Here, carnage implies the writer’s impression of the scene. It evokes visions of war, of disaster, and of tragedy. A more objective word is wreckage.

2. Moral Judgments and Persuasion: A writer expresses an individual perspective by using such words as should, must, and ought to. (The technical term for this type of word is modal auxiliary.) In most cases, writers use these words to persuade the reader to act or think in a specific manner. This is a problem for several reasons.

First, these words will always create conflict with the reader. They communicate your belief that you have the right to tell the reader what to do. The reader is unlikely to share that belief. Second, they state an opinion as a moral judgment. Moral or otherwise, an opinion is still just that: an opinion. The reader will recognize that you are providing your opinion and can, therefore, reject your ideas. Third, they disrespect the reader. They communicate that you don’t trust the reader to decide what to do.

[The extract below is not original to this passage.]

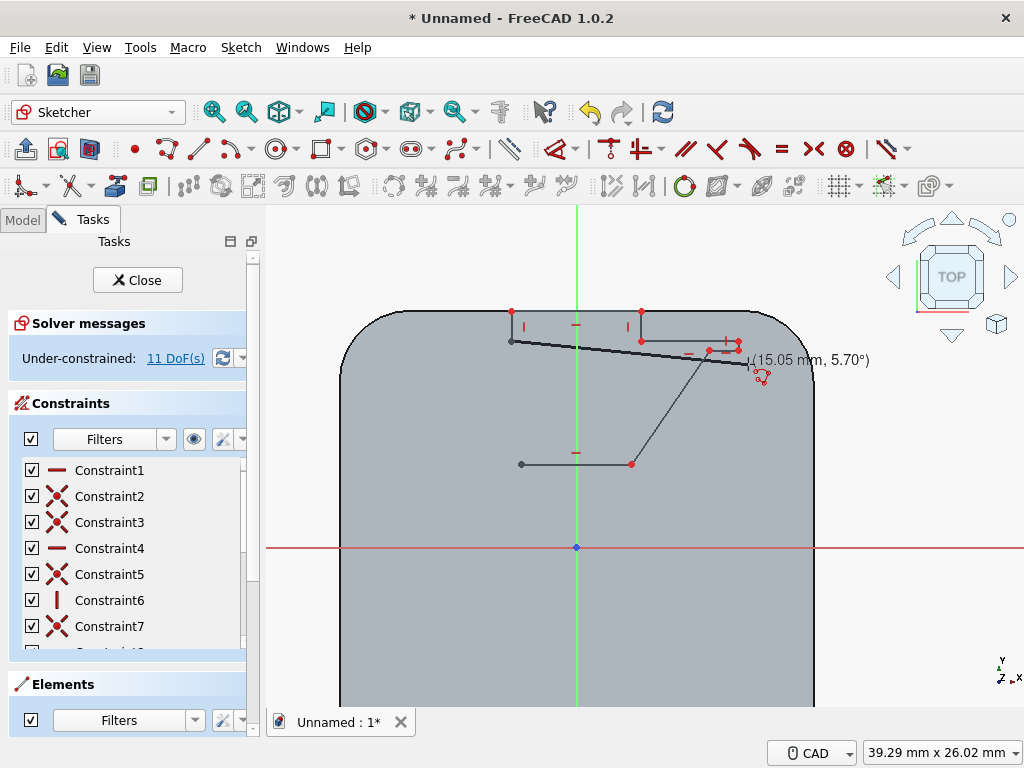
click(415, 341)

As a persuasion technique, this rarely works. In technical writing, it is inappropriate. A better approach is to state ideas as facts and to connect the facts to a desired outcome. A reader can argue against, or simply reject, your opinions easily. However, the reader cannot argue against objective facts. In the following examples, example C.4a communicates an opinion, and example C.4b communicates a fact.

Example C.4a: “The WHO should provide funding for sanitation projects in third-world countries. This will reduce the incidence of diarrhea in third world countries.”

Example C.4b: “The WHO will reduce the incidence of diarrhea in third world countries by providing funding for sanitation projects.”

Example C.4a makes a moral judgment. In the writer’s opinion, the WHO will do the “morally right” thing by providing funding. Example C.4b provides a fact. The reduction in incidences of diarrhea will occur if the WHO provides funding. Moral judgments create conflict. Facts persuade.

3. Personal Pronouns: Writing in an objective style does not mean avoiding I and we. These personal pronouns are acceptable if you are describing your actions or processes. You can write “We did this” or “I did that.” This approach is preferable to writing such artificial phrases as “the author of this report found….” The reader knows that you are the author. Use I.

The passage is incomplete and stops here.